CrackSSM: Reviving SSMs for Crack Segmentation via Dynamic Scanning
Abstract
Crack segmentation (CS) is crucial for structural inspection and maintenance in production scenarios. To achieve both high accuracy and efficiency, recent methods have adopted Mamba-based architectures built upon state space models (SSMs), which enable linear-complexity modeling of long-range dependencies. However, existing approaches typically rely on static multi-directional scanning to flatten visual features into sequences. This fixed flattening order disrupts spatial continuity and weakens the SSM’s ability to model irregular crack patterns effectively. To address this limitation, we propose \textbf{CrackSSM}, a novel crack-aware segmentation framework featuring a dynamic scanning strategy that adapts the token sequence to the underlying structure of each image.
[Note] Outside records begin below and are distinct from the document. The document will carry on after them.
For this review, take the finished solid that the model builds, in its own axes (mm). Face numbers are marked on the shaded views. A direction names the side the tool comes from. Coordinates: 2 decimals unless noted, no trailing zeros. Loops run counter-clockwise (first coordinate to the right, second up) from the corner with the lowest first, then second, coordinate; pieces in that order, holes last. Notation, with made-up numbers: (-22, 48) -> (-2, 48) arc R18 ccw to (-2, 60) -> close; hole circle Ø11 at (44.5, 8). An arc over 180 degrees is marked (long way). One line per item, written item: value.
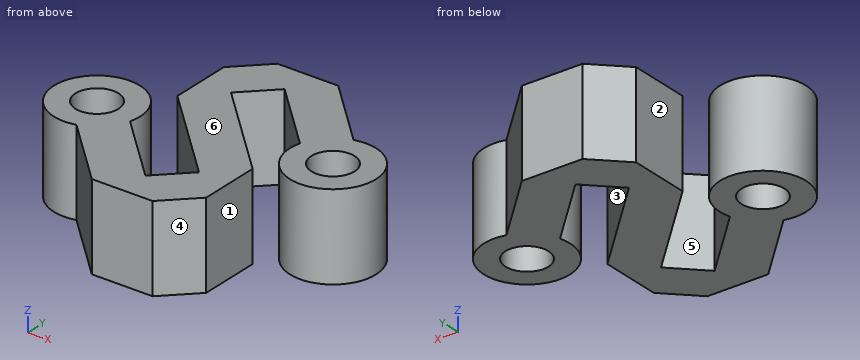
Autodesk Inventor part; units mm, degrees
ref_plane "YZ Plane" through (0, 0, 0) normal (1, 0, 0) x (0, 1, 0)
ref_plane "XZ Plane" through (0, 0, 0) normal (0, 1, 0) x (-1, 0, 0)
ref_plane "XY Plane" through (0, 0, 0) normal (0, 0, 1) x (1, 0, 0)
sketch "Sketch1" plane through (0, 0, 0) normal (0, 0, 1) x (1, 0, 0)
  circle A0 centre (0, 0) radius 2.5
  circle A1 centre (0, 0) radius 5
  line L0 (-1.7678, -1.7678) -> (-12.3744, 8.8388)
  line L1 (-12.3744, 8.8388) -> (-15.9099, 5.3033)
  line L2 (-15.9099, 5.3033) -> (-5.3033, -5.3033)
  line L3 (-5.3033, -5.3033) -> (-5.3033, -12.3744)
  line L4 (-5.3033, -12.3744) -> (-8.8388, -15.9099)
  line L5 (-15.9099, -15.9099) -> (-26.5165, -5.3033)
  line L6 (1.7678, 1.7678) -> (-8.8388, 12.3744)
  line L7 (-15.9099, 12.3744) -> (-19.4454, 8.8388)
  line L8 (-19.4454, 8.8388) -> (-19.4454, 1.7678)
  line L9 (-19.4454, 1.7678) -> (-8.8388, -8.8388)
  line L10 (-8.8388, -8.8388) -> (-12.3744, -12.3744)
  line L11 (-12.3744, -12.3744) -> (-22.981, -1.7678)
  line L12 (-22.981, -1.7678) -> (-26.5165, -5.3033)
  line L13 (-1.7678, -1.7678) -> (1.7678, 1.7678)
  circle A2 centre (-24.7487, -3.5355) radius 2.5
  circle A3 centre (-24.7487, -3.5355) radius 5
  line L14 (-15.9099, 12.3744) -> (-8.8388, 12.3744)
  line L15 (-15.9099, -15.9099) -> (-8.8388, -15.9099)
  dimension "d0" = 5
  dimension "d1" = 10
  dimension "d3" = 90
  dimension "d6" = 135
  dimension "d7" = 135
  dimension "d8" = 90
  dimension "d9" = 5
  dimension "d12" = 10
  dimension "d13" = 15
  dimension "d14" = 15
  dimension "d31" = 7.0711
  dimension "d32" = 15
  dimension "d33" = 7.0711
  dimension "d34" = 15
  dimension "d35" = 7.0711
  dimension "d36" = 7.0711
  dimension "d37" = 5
  dimension "d38" = 90
  dimension "d39" = 135
  dimension "d40" = 5
  dimension "d41" = 5
extrude "Extrusion4" add sketch "Sketch1" along normal blind 10 contours A0 L6 A1 L0 | A0 L0 A1 L6 | A1 L0 L1 L2 L3 L4 L15 L5 A3 L11 L10 L9 L8 L7 L14 L6 | A3 L5 A2 L11 | L11 A2 L5 A3 | A2 L12 picked at (-25.0062, -4.328)
sketch "Sketch3" plane through (0, 0, 10) normal (0, 0, 1) x (1, 0, 0)
  line L0 (-1.2941, 4.8296) -> (-8.8388, 12.3744)
  line L1 (-8.8388, 12.3744) -> (-15.9099, 12.3744)
  line L2 (-15.9099, 12.3744) -> (-19.4454, 8.8388)
  line L3 (-19.4454, 8.8388) -> (-19.4454, 1.7678)
  line L4 (-19.4454, 1.7678) -> (-8.8388, -8.8388)
  line L5 (-8.8388, -8.8388) -> (-12.3744, -12.3744)
  line L6 (-12.3744, -12.3744) -> (-19.9191, -4.8296)
  arc A0 (-19.9191, -4.8296) -> (-23.4546, -8.3652) centre (-24.7487, -3.5355) ccw
  line L7 (-23.4546, -8.3652) -> (-15.9099, -15.9099)
  line L8 (-15.9099, -15.9099) -> (-8.8388, -15.9099)
  line L9 (-8.8388, -15.9099) -> (-5.3033, -12.3744)
  line L10 (-5.3033, -12.3744) -> (-5.3033, -5.3033)
  line L11 (-5.3033, -5.3033) -> (-15.9099, 5.3033)
  line L12 (-15.9099, 5.3033) -> (-12.3744, 8.8388)
  line L13 (-12.3744, 8.8388) -> (-4.8296, 1.2941)
  arc A1 (-4.8296, 1.2941) -> (-1.2941, 4.8296) centre (0, 0) ccw
  line L14 (-26.5165, -5.3033) -> (-22.981, -1.7678)
  arc A2 (-22.981, -1.7678) -> (-26.5165, -5.3033) centre (-24.7487, -3.5355) ccw
  circle A3 centre (0, 0) radius 2.5
  circle A4 centre (-24.7487, -3.5355) radius 2.5
extrude "Extrusion5" cut sketch "Sketch3" against normal blind 10 contours L14 A4
equation "\"d1\" = 2 * d0"
equation "\"d9\" = d0"
equation "\"d12\" = d1"
equation "\"d13\" = 3 * d0"
equation "\"d14\" = d13"
properties part number "Sawaiz Logo Ribbon"
1. Take a section at D-D, the plane y = 0. Give the boundary of the cut face in (x, z), and give its area (3 significant figures).
Return value:
outline: (-28.28, 0) -> (-21.21, 0) -> (-21.21, 10) -> (-28.28, 10) -> close; (-17.68, 0) -> (-10.61, 0) -> (-10.61, 10) -> (-17.68, 10) -> close; (-5, 0) -> (-2.5, 0) -> (-2.5, 10) -> (-5, 10) -> close; (2.5, 0) -> (5, 0) -> (5, 10) -> (2.5, 10) -> close
area: 191 mm2
2. Take a section at A-A, the plane x = 0. Give the boundary of the cut face in (y, z).
Return value:
outline: (-5, 0) -> (-2.5, 0) -> (-2.5, 10) -> (-5, 10) -> close; (2.5, 0) -> (5, 0) -> (5, 10) -> (2.5, 10) -> close
3. Insertion check: pin 1 Ø5.5 at (y, z) = (-9.5, 4.5) entering from +X; pin 2 Ø5 at (x, z) = (-20.5, 4.5) entering from -Y; pin 3 Ø3.5 at (y, z) = (7, 3) entering from -X. Each pin has a flat end and moves straight along its axis. Give the tip position at first contact, or say it passes through.
Return value:
pin 1: stops at x = -5.3
pin 2: stops at y = -13.82
pin 3: stops at x = -19.45
4. For the marked faces 1, 2 and 3, list the 3-axis set-ups (+Z, -Z, +X, -X, +Y, -Y) from which the entire face can be reached by the end or side of a thin tool; tool diameter is ignored.
Return value:
face 1: +Z, -Z, +X, -Y
face 2: +Z, -Z, -X, +Y
face 3: +Z, -Z
5. Take a section at C-C, the plane z = 7.5. Give the boundary of the cut face in (x, y), and give its area (3 significant figures).
Return value:
outline: (-23.45, -8.37) -> (-15.91, -15.91) -> (-8.84, -15.91) -> (-5.3, -12.37) -> (-5.3, -5.3) -> (-15.91, 5.3) -> (-12.37, 8.84) -> (-4.83, 1.29) arc R5 ccw (long way) to (-1.29, 4.83) -> (-8.84, 12.37) -> (-15.91, 12.37) -> (-19.45, 8.84) -> (-19.45, 1.77) -> (-8.84, -8.84) -> (-12.37, -12.37) -> (-19.92, -4.83) arc R5 ccw (long way) to start; hole circle Ø5 at (-24.75, -3.54); hole circle Ø5 at (0, 0)
area: 395 mm2
6. Take a section at B-B, the plane x = -15.5. Give the boundary of the cut face in (y, z), and give its area (3 significant figures).
Return value:
outline: (-15.91, 0) -> (-9.25, 0) -> (-9.25, 10) -> (-15.91, 10) -> close; (-2.18, 0) -> (4.89, 0) -> (4.89, 10) -> (-2.18, 10) -> close; (5.71, 0) -> (12.37, 0) -> (12.37, 10) -> (5.71, 10) -> close
area: 204 mm2
7. To check wall thickness, follow probe 1 along Y at (x, z) = (-10.5, 6.5); probe 2 along Y at (x, z) = (0, 6.25); probe 3 along X at (y, z) = (0, 4.25). State the ranges of each line that lie inside material, in increasing order. Write a range as from..to.
Return value:
probe 1: y = -15.91..-10.5, -7.18..-0.11, 6.96..12.37
probe 2: y = -5..-2.5, 2.5..5
probe 3: x = -28.28..-21.21, -17.68..-10.61, -5..-2.5, 2.5..5
8. The part is to be moulded in two halves that separate along Y. For the marked faces 4, 5 and 6, say which applies: pulls with the +Y half, pulls with the -Y half, needs draft (parallel to the pull), parting line crosses it, or undercut.
Return value:
face 4: pulls with the -Y half
face 5: undercut
face 6: needs draft
Read the model definition and answer for the solid it produces. Units are mm, in the model's axes. A direction names the side the tool comes from. Coordinates: 2 decimals unless noted, no trailing zeros. Loops run counter-clockwise (first coordinate to the right, second up) from the corner with the lowest first, then second, coordinate; pieces in that order, holes last.
Q1. The mould has two halves that part along Y. Classify faces 4 (the face through (105.966, 292.984, 121.478)), 5 (the face through (205.07, -8.67, -39.05)), 6 (the face through (210, -5, 73)): pulls with the +Y half, pulls with the -Y half, needs draft (parallel to the pull), parting line crosses it, or undercut.
Q2. Section A-A (z = 0) is taken. Give the vertices of the cut face in (x, y).
Q3. Straight lines are drawn through the part: line 1 (Z direction, x = 147, y = 0); line 2 (X direction, y = 305.5, z = 112); line 3 (Y direction, x = 119, z = -268). For each, find the intervals that lie inside material, in ascending order.
Q4. Section C-C (x = 78) is taken. Give the vertices of the cut face in (y, z).
Q5. Flat-ended cylindrical pins translate along their axes: P1, Ø12, axis at x = 118, z = -73.5, coming from the +Y side; P2, Ø1.5, axis at y = -227.5, z = -124.5, coming from the -X side; P3, Ø2, axis at x = 63.5, y = 254.5, coming from the +Z side; P4, Ø5, axis at y = -206.5, z = 242.5, coming from the -X side. Find the tip coordinate at first contact, or state that the pin passes through.
Q6. Which of the six approach directions +Z, -Z, +X, -X, +Y, -Y give full straight-line access (tool end or side, diameter ignored) to faces 1 (the face through (174.75, -68.92, 310.36)), 2 (the face through (200, 4, -62)), 3 (the face through (0, -258, -157))?
from build123d import *

# Parameters (mm, degrees)
SKETCH2_R          = 300
CUT_EXTRUDE1_DEPTH = 200
SKETCH3_R          = 40
CUT_EXTRUDE2_DEPTH = 200


with BuildPart() as part:
    # Sketch1 → Revolve2 (revolve)
    with BuildSketch(Plane.XY):
        Polygon((0, 0), (0, 350), (12, 329.169330118), (24, 329.169330118), (36, 317.169330118), (174, 317.169330118), (186, 329.169330118), (198, 329.169330118), (210, 350), (210, 0), align=None)
    revolve(axis=Axis((210, 0, 0), (-1, 0, 0)))

    # Sketch2 → Cut-Extrude1 (cut)
    with BuildSketch(Plane.ZY):
        with Locations(Location((0, 0, 0), (0, 0, 270))):
            Circle(SKETCH2_R)
    extrude(amount=-CUT_EXTRUDE1_DEPTH, mode=Mode.SUBTRACT)

    # Sketch3 → Cut-Extrude2 (cut)
    with BuildSketch(Plane(origin=(210, 0, 0), x_dir=(0, 0, -1), z_dir=(1, 0, 0))):
        with Locations(Location((0, 0, 0), (0, 0, 90))):
            Circle(SKETCH3_R)
    extrude(amount=-CUT_EXTRUDE2_DEPTH, mode=Mode.SUBTRACT)


solid = part.part
Numbers:
1. face 4: parting line crosses it
1. face 5: undercut
1. face 6: needs draft
2. outline: (0, -350) - (12, -329.17) - (24, -329.17) - (36, -317.17) - (174, -317.17) - (186, -329.17) - (198, -329.17) - (210, -350) - (210, -40) - (200, -40) - (200, -300) - (0, -300) - close; (0, 300) - (200, 300) - (200, 40) - (210, 40) - (210, 350) - (198, 329.17) - (186, 329.17) - (174, 317.17) - (36, 317.17) - (24, 329.17) - (12, 329.17) - (0, 350) - close
3. line 1: z = -317.17 to -300, 300 to 317.17
3. line 2: x = 0 to 27.79, 182.21 to 210
3. line 3: y = -169.62 to -134.82, 134.82 to 169.62
4. outline: circle Ø634.34 at (0, 0); hole circle Ø600 at (0, 0)
5. P1: stops at y = 309.9
5. P2: stops at x = 200
5. P3: stops at z = 190.62
5. P4: stops at x = 0
6. face 1: none
6. face 2: -X
6. face 3: +Z, -Z, -X, +Y, -Y
from build123d import *

# Parameters (mm, degrees)
SKETCH1_R           = 12.5
BOSS_EXTRUDE1_DEPTH = 103.5
SKETCH3_R           = 5.101020514
CUT_EXTRUDE1_DEPTH  = 2.8
SKETCH4_R           = 4.25
CUT_EXTRUDE2_DEPTH  = 9.5


with BuildPart() as part:
    # Sketch1 → Boss-Extrude1 (new body)
    with BuildSketch(Plane(origin=(0, 0, 0), x_dir=(1, 0, 0), z_dir=(0, 1, 0))):
        Circle(SKETCH1_R)
    extrude(amount=BOSS_EXTRUDE1_DEPTH)

    # Sketch2 → Cut-Revolve4 (revolve, cut)
    with BuildSketch(Plane(origin=(0, 0, 0), x_dir=(0, 0, -1), z_dir=(1, 0, 0))):
        Polygon((-7.601020514, 103.5), (-12.5, 98.5), (-12.5, 103.5), align=None)
    revolve(axis=Axis((0, 0, 0), (0, 1, 0)), mode=Mode.SUBTRACT)

    # Sketch3 → Cut-Extrude1 (cut)
    with BuildSketch(Plane(origin=(0, 103.5, 0), x_dir=(1, 0, 0), z_dir=(0, 1, 0))):
        Circle(SKETCH3_R)
    extrude(amount=-CUT_EXTRUDE1_DEPTH, mode=Mode.SUBTRACT)

    # Sketch4 → Cut-Extrude2 (cut)
    with BuildSketch(Plane.XZ):
        Circle(SKETCH4_R)
    extrude(amount=-CUT_EXTRUDE2_DEPTH, mode=Mode.SUBTRACT)


solid = part.part
Geometry: final body of the model. Coordinates: model frame, mm. A direction names the side the tool comes from. Coordinates: 2 decimals unless noted, no trailing zeros. Order: outer loops, then holes, each group sorted by start corner. A loop starts at its lowest first (then second) coordinate and runs counter-clockwise, first axis right, second up. Notation, with made-up numbers: (38, 52.5) - (84, 52.5) arc R32 cw to (84, 81.5) - close; hole circle Ø11 at (35, 81). An arc over 180 degrees is marked (long way). Use one line per item in the form item = value.
1) Section A-A (z = 0). Return loops of the section in (x, y).
Solutions:
outline = (-12.5, 0) - (-4.25, 0) - (-4.25, 9.5) - (4.25, 9.5) - (4.25, 0) - (12.5, 0) - (12.5, 98.5) - (7.6, 103.5) - (5.1, 103.5) - (5.1, 100.7) - (-5.1, 100.7) - (-5.1, 103.5) - (-7.6, 103.5) - (-12.5, 98.5) - close
2) Set-up query: faces 5 (the face through (0, 100.7, 0)), 6 (the face through (2.285, 4.684, 3.584)), 7 (the face through (2, 103.5, 5)). Return all of +Z, -Z, +X, -X, +Y, -Y with unobstructed straight access to the full face (end or side cutting, diameter ignored); none if empty.
Solutions:
face_5 = +Y
face_6 = -Y
face_7 = +Z, -Z, +X, -X, +Y
3) Section B-B (y = 56). Return loops of the section in (x, z), then the cut area to 3 significant figures.
Solutions:
outline = circle Ø25 at (0, 0)
area = 491 mm^2
4) Pin query (flat end, axial travel): pin 1 (1.5 mm diameter, centred on y = 76.5, z = 7, fed in from -X); pin 2 (7 mm diameter, centred on x = 0, z = 0, fed in from -Y); pin 3 (1.5 mm diameter, centred on x = -8.5, y = 33, fed in from +Z). Return the tip coordinate at first contact, or that it passes through.
Solutions:
pin_1 = -10.83
pin_2 = 9.5
pin_3 = 9.81
5) Ray query, L1, parallel to Y at x = 2.25, z = -3.75; L2, parallel to Z at x = 0, y = 4.75; L3, parallel to Z at x = 0, y = 101.35. Return the intervals inside material, ascending.
Solutions:
L1 = 0 to 100.7
L2 = -12.5 to -4.25, 4.25 to 12.5
L3 = -9.71 to -5.1, 5.1 to 9.71
6) Mould query, pull axis Z, two halves, no side actions, for faces 1 (the face through (11.547, 48.56, 4.788)), 2 (the face through (0, 0, 5)), 3 (the face through (-0.66, 102.12, -5.06)), 4 (the face through (0, 9.5, 0)). Classes: +Z half, -Z half, draft (parallel to the pull), parting line (faces both ways), or undercut.
Solutions:
face_1 = parting line
face_2 = draft
face_3 = undercut
face_4 = undercut

Specifically, we compute directional response strength along four orientations from high-level semantic features, and use these values to reorder tokens so that crack-relevant regions remain adjacent in sequence. This alignment improves the causal modeling ability of SSMs while preserving their efficiency and better suits the irregular, fine-grained nature of cracks. Additionally, we design a wavelet-guided decoding mechanism to recover detailed features. It incorporates high-frequency components extracted from the input image and applies them to guide feature refinement and edge-aware fusion, further enhancing segmentation precision. Experiments on three benchmark datasets demonstrate that our method achieves superior segmentation accuracy with fewer parameters and faster inference compared to existing state-of-the-art models. Source code is available in supplementary materials.